# Relaxation Parameters for Steady Navier-Stokes

I am working on a project involving steady solutions for the Navier-Stokes Equations. In the past I've only worked with the unsteady Navier-Stokes, so some of this is new to me.

In particular, at each iteration for some problems, one may need to resort to a relaxation parameter at each iteration, so letting $\tilde{\boldsymbol{u}}^n$ be the velocity field at an iteration $n$, we have:

$$\boldsymbol{u}^n = \gamma \tilde{\boldsymbol{u}}^n + (1 - \gamma) \boldsymbol{u}^{n-1}$$ For some value of $\gamma$ between zero and one. This seems to work alright for my purposes, but I have a couple of questions:

1. Is it necessary to relax both pressure and velocity? It seems for my purposes relaxing only velocity seems to be fine, and the pressure still converges to the desired physical solution. I do worry, however, that there are problems with consistency if the pressure is not also relaxed.
2. If the pressure must also be relaxed, how does the pressure relxation parameter relate to the velocity relaxation parameter? Would they simply be the same value of $\gamma$?

Potentially relevant details:

• I am using a finite element code with P2 for velocity and P1 for pressure.
• I am prescribing a Dirichlet inflow with a parabolic profile and a Neumann outflow.
• I am solving the coupled monolithic system (and not using the pressure Schur Complement approach).

1. No, it's not necessary to apply relaxation as long as the process converges to steady-state.
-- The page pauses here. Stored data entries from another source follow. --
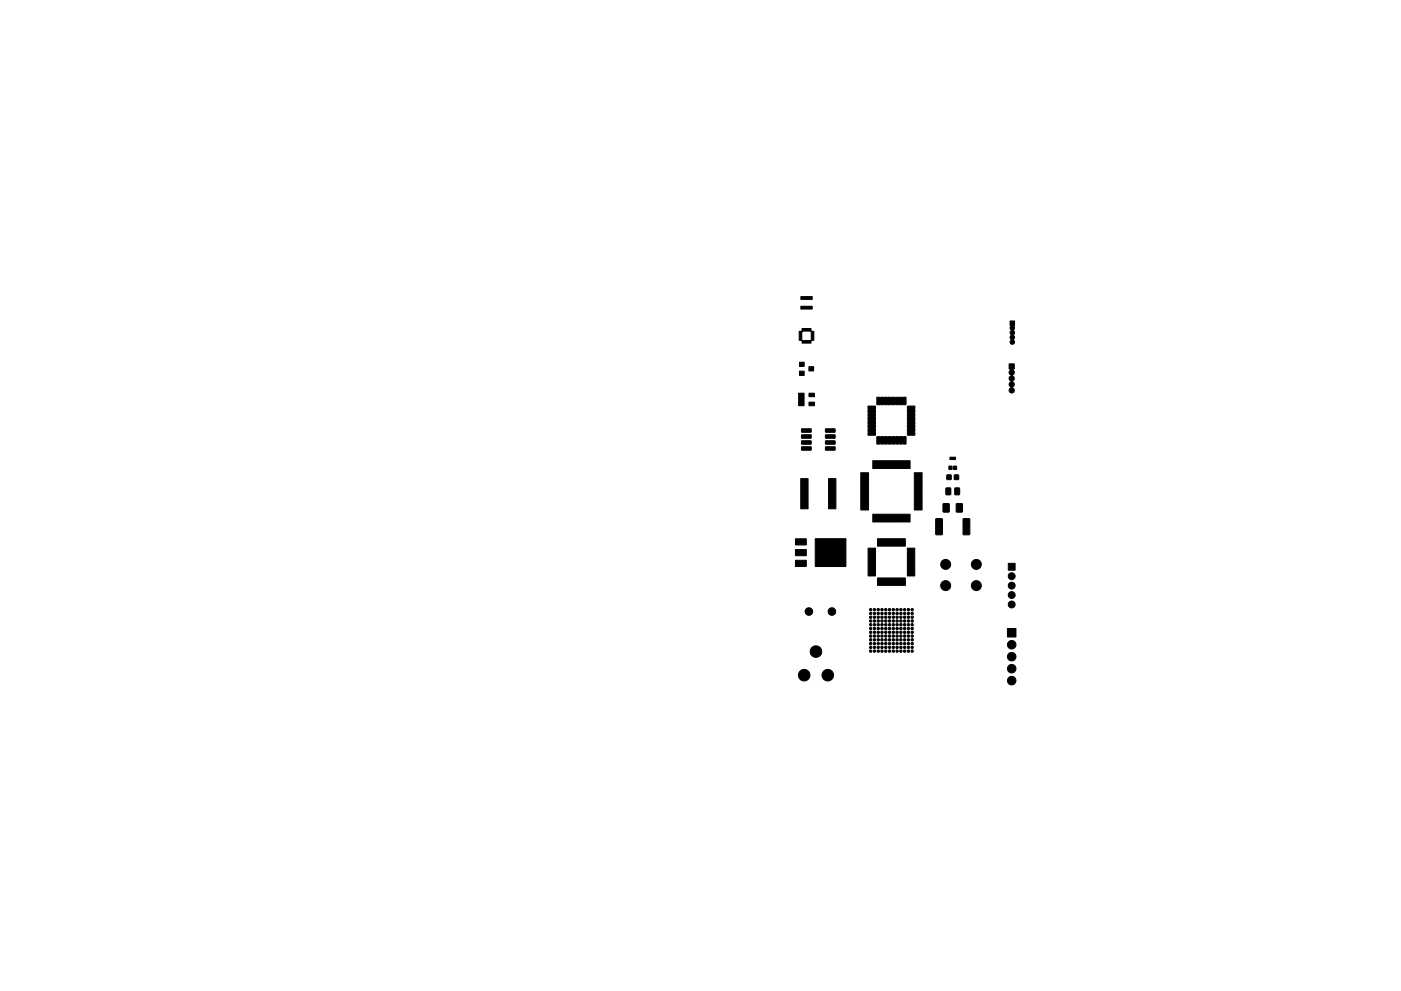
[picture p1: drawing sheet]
<svg xmlns="http://www.w3.org/2000/svg" width="297mm" height="210mm" viewBox="0 0 297 210" stroke-linecap="round" stroke-linejoin="round" font-family="sans-serif">
<g fill="#000" stroke="#000" stroke-width=".21">
<path d="M169.5 78.7h1v.9h-1zM169.5 76.8h1v.9h-1zM170 69.7h2v.6h.6v1.9h-.6v.6h-2v-.6h-.6v-1.8h.6l.1 1.8 1.9-.1v-1.8l-1.9-.1-.7 .2 .6-.1zM169.8 65h2.4v.6h-2.4zM169.8 62.9h2.4v.6h-2.4zM171.5 77.8h1v.9h-1zM213.9 77.2h1.2v1.1l-.4 .1a.71 .71 0 0 1 .3 .7 .71 .71 0 0 1-.4 .6 .67 .67 0 0 1 .4 .6 .67 .67 0 0 1-.4 .7 .67 .67 0 0 1 .4 .6 .67 .67 0 0 1-.4 .6v.1a.58 .58 0 0 1 .3 .9 .58 .58 0 0 1-1-.1 .58 .58 0 0 1 .5-.9 .69 .69 0 0 1-.4-.7 .69 .69 0 0 1 .4-.6 .69 .69 0 0 1-.4-.6 .69 .69 0 0 1 .4-.7 .71 .71 0 0 1-.1-1.2l-.4-.1zM214.2 68.1h.9v1h-.1a.87 .87 0 0 1-.1 1.1 .79 .79 0 0 1 0 1 .79 .79 0 0 1 0 1 .5 .5 0 0 1 0 .7 .5 .5 0 0 1-.8-.1 .5 .5 0 0 1 .3-.7 .75 .75 0 0 1 0-1.1 .79 .79 0 0 1 0-1 .64 .64 0 0 1-.1-.9h-.1zM169.3 83.4h1.2v2.7h-1.2zM170 94.8h1.9l.1 .7h-2zM170 93.5h1.9l.1 .7h-2zM170 92.3l1.9-.1 .1 .7-2 .1z"/>
<path d="M170 91h1.9l.1 .6-2 .1zM171.5 85.3h1.2v.8h-1.2zM171.5 83.4h1.2v.8h-1.2zM175 94.8h2l.1 .7h-2zM175 93.5h2l.1 .7h-2zM175 92.3l2-.1 .1 .7-2 .1zM175 91h2l.1 .6-2 .1zM185.1 97.8l7.8-.1v1.7h-7.8zM184.1 86.2h1.5v6.1h-1.6l.1-.6-.1-.2 .1-.6-.1-.2 .1-.6-.1-.2 .1-.6-.1-.2 .1-.6zM185.9 92.6l2.3 .1 .6-.1 .2 .1 .6-.1 .2 .1 .6-.1 .2 .1 .6-.1 .2 .1 .6-.1 .1 1.6h-6.1zM185.9 84.3l2.3 .1 .6-.1 .2 .1 .6-.1 .2 .1 .6-.1 .2 .1 .6-.1 .2 .1 .6-.1 .1 1.5-6.1 .1zM192.4 86.2h1.6l-.1 6.1h-1.5l.1-.6-.1-.2 .1-.6-.1-.2 .1-.6-.1-.2 .1-.6-.1-.2 .1-.6z"/>
<path d="M201.2 98.9h.6v.7h-.6zM201.4 97h1.2v.5h-1.2zM202.2 98.9h.6v.7h-.6zM168.6 116.6h2.4v1.3h-2.4zM168.6 114.3h2.4v1.3h-2.4zM169.8 101.5h1.5v6.4h-1.5zM175.7 101.5h1.5v6.4h-1.5zM182.5 100.3h1.6v7.9h-1.6zM185.1 109.1h7.8v1.6h-7.8zM184.1 116.3h1.5v5.9h-1.5zM186.1 114.3h5.8v1.5l-5.8 .1zM192.4 116.3h1.5v5.9h-1.5z"/>
<path d="M193.9 100.3h1.6v7.9h-1.6zM198.4 110.1l1.2-.1 .2 .1v3.2l-.1 .2-1.3-.1zM200 106.9h1.2v1.7h-1.2zM200.6 103.6h1l-.1 1.4-.9-.1zM200.8 100.8h.8v.9h-.8zM202.4 100.8h.8v.9h-.8zM202.5 103.6h.9v1.4l-1-.1zM202.8 106.9h1.2v1.7h-1.2zM204.2 110.1l1.2-.1 .2 .1v3.2l-.1 .2-1.3-.1zM168.6 118.9h2.4v1.3h-2.4zM172.8 114.3h6.6v5.9h-6.6zM186.1 122.6h5.8v1.6h-5.8z"/>
<path d="M213.8 119.5h1.4v1.5h-1.4zM213.6 133.3h1.8v1.8h-1.8z"/>
<circle cx="200.5" cy="119.7" r="1.06"/>
<circle cx="207" cy="119.7" r="1.06"/>
<circle cx="171.5" cy="129.7" r=".8"/>
<circle cx="173" cy="138.2" r="1.23"/>
<circle cx="176.4" cy="129.7" r=".8"/>
<circle cx="184.6" cy="129.3" r=".25"/>
<circle cx="184.6" cy="137.3" r=".25"/>
<circle cx="184.6" cy="133.3" r=".25"/>
<circle cx="184.6" cy="136.5" r=".25"/>
<circle cx="184.6" cy="135.7" r=".25"/>
<circle cx="184.6" cy="131.7" r=".25"/>
<circle cx="184.6" cy="138.1" r=".25"/>
<circle cx="184.6" cy="130.9" r=".25"/>
<circle cx="184.6" cy="130.1" r=".25"/>
<circle cx="184.6" cy="134.9" r=".25"/>
<circle cx="184.6" cy="134.1" r=".25"/>
<circle cx="184.6" cy="132.5" r=".25"/>
<circle cx="185.4" cy="129.3" r=".25"/>
<circle cx="185.4" cy="137.3" r=".25"/>
<circle cx="185.4" cy="133.3" r=".25"/>
<circle cx="185.4" cy="135.7" r=".25"/>
<circle cx="185.4" cy="131.7" r=".25"/>
<circle cx="185.4" cy="136.5" r=".25"/>
<circle cx="185.4" cy="138.1" r=".25"/>
<circle cx="185.4" cy="134.9" r=".25"/>
<circle cx="185.4" cy="134.1" r=".25"/>
<circle cx="185.4" cy="130.1" r=".25"/>
<circle cx="185.4" cy="130.9" r=".25"/>
<circle cx="185.4" cy="132.5" r=".25"/>
<circle cx="186.2" cy="137.3" r=".25"/>
<circle cx="186.2" cy="133.3" r=".25"/>
<circle cx="186.2" cy="135.7" r=".25"/>
<circle cx="186.2" cy="131.7" r=".25"/>
<circle cx="186.2" cy="129.3" r=".25"/>
<circle cx="186.2" cy="138.1" r=".25"/>
<circle cx="186.2" cy="132.5" r=".25"/>
<circle cx="186.2" cy="134.1" r=".25"/>
<circle cx="186.2" cy="130.9" r=".25"/>
<circle cx="186.2" cy="130.1" r=".25"/>
<circle cx="186.2" cy="134.9" r=".25"/>
<circle cx="186.2" cy="136.5" r=".25"/>
<circle cx="187" cy="129.3" r=".25"/>
<circle cx="187" cy="137.3" r=".25"/>
<circle cx="187" cy="133.3" r=".25"/>
<circle cx="187" cy="135.7" r=".25"/>
<circle cx="187" cy="131.7" r=".25"/>
<circle cx="187" cy="136.5" r=".25"/>
<circle cx="187" cy="138.1" r=".25"/>
<circle cx="187" cy="132.5" r=".25"/>
<circle cx="187" cy="130.9" r=".25"/>
<circle cx="187" cy="130.1" r=".25"/>
<circle cx="187" cy="134.9" r=".25"/>
<circle cx="187" cy="134.1" r=".25"/>
<circle cx="187.8" cy="135.7" r=".25"/>
<circle cx="187.8" cy="133.3" r=".25"/>
<circle cx="187.8" cy="129.3" r=".25"/>
<circle cx="187.8" cy="134.1" r=".25"/>
<circle cx="187.8" cy="131.7" r=".25"/>
<circle cx="187.8" cy="138.1" r=".25"/>
<circle cx="187.8" cy="130.1" r=".25"/>
<circle cx="187.8" cy="134.9" r=".25"/>
<circle cx="187.8" cy="132.5" r=".25"/>
<circle cx="187.8" cy="137.3" r=".25"/>
<circle cx="187.8" cy="130.9" r=".25"/>
<circle cx="187.8" cy="136.5" r=".25"/>
<circle cx="188.6" cy="129.3" r=".25"/>
<circle cx="188.6" cy="137.3" r=".25"/>
<circle cx="188.6" cy="133.3" r=".25"/>
<circle cx="188.6" cy="136.5" r=".25"/>
<circle cx="188.6" cy="135.7" r=".25"/>
<circle cx="188.6" cy="131.7" r=".25"/>
<circle cx="188.6" cy="138.1" r=".25"/>
<circle cx="188.6" cy="132.5" r=".25"/>
<circle cx="188.6" cy="134.9" r=".25"/>
<circle cx="188.6" cy="134.1" r=".25"/>
<circle cx="188.6" cy="130.9" r=".25"/>
<circle cx="188.6" cy="130.1" r=".25"/>
<circle cx="189.4" cy="131.7" r=".25"/>
<circle cx="189.4" cy="134.1" r=".25"/>
<circle cx="189.4" cy="132.5" r=".25"/>
<circle cx="189.4" cy="130.9" r=".25"/>
<circle cx="189.4" cy="130.1" r=".25"/>
<circle cx="189.4" cy="133.3" r=".25"/>
<circle cx="189.4" cy="134.9" r=".25"/>
<circle cx="189.4" cy="137.3" r=".25"/>
<circle cx="189.4" cy="136.5" r=".25"/>
<circle cx="189.4" cy="129.3" r=".25"/>
<circle cx="189.4" cy="138.1" r=".25"/>
<circle cx="189.4" cy="135.7" r=".25"/>
<circle cx="190.2" cy="137.3" r=".25"/>
<circle cx="190.2" cy="133.3" r=".25"/>
<circle cx="190.2" cy="135.7" r=".25"/>
<circle cx="190.2" cy="131.7" r=".25"/>
<circle cx="190.2" cy="129.3" r=".25"/>
<circle cx="190.2" cy="138.1" r=".25"/>
<circle cx="190.2" cy="130.9" r=".25"/>
<circle cx="190.2" cy="132.5" r=".25"/>
<circle cx="190.2" cy="134.9" r=".25"/>
<circle cx="190.2" cy="130.1" r=".25"/>
<circle cx="190.2" cy="134.1" r=".25"/>
<circle cx="190.2" cy="136.5" r=".25"/>
<circle cx="191" cy="129.3" r=".25"/>
<circle cx="191" cy="137.3" r=".25"/>
<circle cx="191" cy="133.3" r=".25"/>
<circle cx="191" cy="135.7" r=".25"/>
<circle cx="191" cy="131.7" r=".25"/>
<circle cx="191" cy="136.5" r=".25"/>
<circle cx="191" cy="138.1" r=".25"/>
<circle cx="191" cy="130.9" r=".25"/>
<circle cx="191" cy="130.1" r=".25"/>
<circle cx="191" cy="134.9" r=".25"/>
<circle cx="191" cy="132.5" r=".25"/>
<circle cx="191" cy="134.1" r=".25"/>
<circle cx="191.8" cy="137.3" r=".25"/>
<circle cx="191.8" cy="133.3" r=".25"/>
<circle cx="191.8" cy="135.7" r=".25"/>
<circle cx="191.8" cy="131.7" r=".25"/>
<circle cx="191.8" cy="129.3" r=".25"/>
<circle cx="191.8" cy="138.1" r=".25"/>
<circle cx="191.8" cy="130.9" r=".25"/>
<circle cx="191.8" cy="130.1" r=".25"/>
<circle cx="191.8" cy="132.5" r=".25"/>
<circle cx="191.8" cy="134.1" r=".25"/>
<circle cx="191.8" cy="134.9" r=".25"/>
<circle cx="191.8" cy="136.5" r=".25"/>
<circle cx="192.6" cy="137.3" r=".25"/>
<circle cx="192.6" cy="133.3" r=".25"/>
<circle cx="192.6" cy="135.7" r=".25"/>
<circle cx="192.6" cy="131.7" r=".25"/>
<circle cx="192.6" cy="129.3" r=".25"/>
<circle cx="192.6" cy="138.1" r=".25"/>
<circle cx="192.6" cy="132.5" r=".25"/>
<circle cx="192.6" cy="134.9" r=".25"/>
<circle cx="192.6" cy="134.1" r=".25"/>
<circle cx="192.6" cy="130.9" r=".25"/>
<circle cx="192.6" cy="130.1" r=".25"/>
<circle cx="192.6" cy="136.5" r=".25"/>
<circle cx="193.4" cy="129.3" r=".25"/>
<circle cx="193.4" cy="137.3" r=".25"/>
<circle cx="193.4" cy="133.3" r=".25"/>
<circle cx="193.4" cy="135.7" r=".25"/>
<circle cx="193.4" cy="131.7" r=".25"/>
<circle cx="193.4" cy="136.5" r=".25"/>
<circle cx="193.4" cy="138.1" r=".25"/>
<circle cx="193.4" cy="132.5" r=".25"/>
<circle cx="193.4" cy="134.1" r=".25"/>
<circle cx="193.4" cy="130.9" r=".25"/>
<circle cx="193.4" cy="134.9" r=".25"/>
<circle cx="193.4" cy="130.1" r=".25"/>
<circle cx="200.5" cy="124.2" r="1.06"/>
<circle cx="207" cy="124.2" r="1.06"/>
<circle cx="214.5" cy="126.3" r=".73"/>
<circle cx="214.5" cy="128.3" r=".73"/>
<circle cx="214.5" cy="124.3" r=".73"/>
<circle cx="214.5" cy="122.3" r=".73"/>
<circle cx="214.5" cy="139.3" r=".9"/>
<circle cx="214.5" cy="136.8" r=".9"/>
<circle cx="170.5" cy="143.3" r="1.23"/>
<circle cx="175.5" cy="143.3" r="1.23"/>
<circle cx="214.5" cy="144.4" r=".9"/>
<circle cx="214.5" cy="141.9" r=".9"/>
</g>
</svg>

Think of it as a correction: \begin{equation*} u^n = u^{n-1} + \gamma (\bar{u}^n-u^{n-1}) \end{equation*} As you converge to steady-state where $u^n=u^{n-1}$, the correction $u^\prime=\bar{u}^n-u^{n-1}$ becomes zero and so the dependence on $\gamma$ drops out. Same holds for the pressure, no need to relax for consistency of the converged solution. Of course, with $\gamma=1$ you might not get convergence.
2. There is no obvious relation. You may use a lower value for the relaxation parameter $\gamma_p$ for the pressure to compensate for a higher value of $\gamma_u$ or vice-versa.